Extracted data entries:

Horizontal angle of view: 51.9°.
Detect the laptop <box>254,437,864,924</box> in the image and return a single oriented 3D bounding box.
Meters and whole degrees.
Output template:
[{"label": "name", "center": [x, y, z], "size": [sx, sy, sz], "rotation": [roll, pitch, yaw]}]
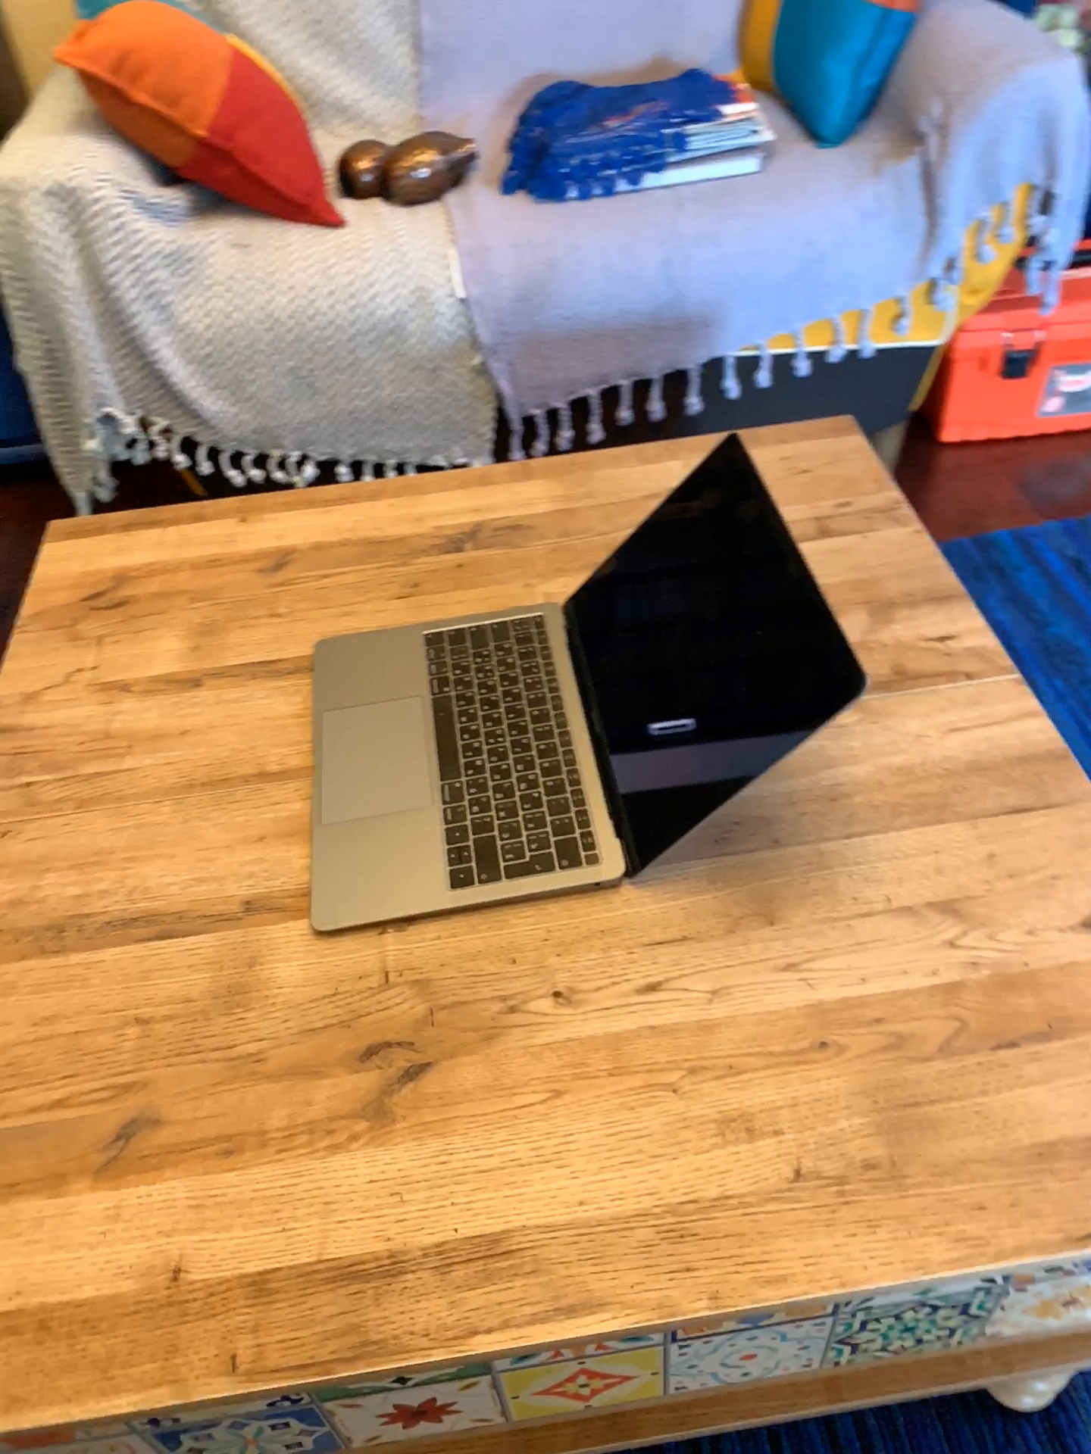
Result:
[{"label": "laptop", "center": [-0.006, -0.046, 0.795], "size": [0.353, 0.141, 0.292], "rotation": [-9, 44, -2]}]

### YOUR ASSIGNMENT:
From the line containing "Detect the laptop" through the final line of the records, write out each line exactly, and include no pictures.

### TASK RESPONSE:
Detect the laptop <box>254,437,864,924</box> in the image and return a single oriented 3D bounding box.
Meters and whole degrees.
Output template:
[{"label": "name", "center": [x, y, z], "size": [sx, sy, sz], "rotation": [roll, pitch, yaw]}]
Result:
[{"label": "laptop", "center": [-0.006, -0.046, 0.795], "size": [0.353, 0.141, 0.292], "rotation": [-9, 44, -2]}]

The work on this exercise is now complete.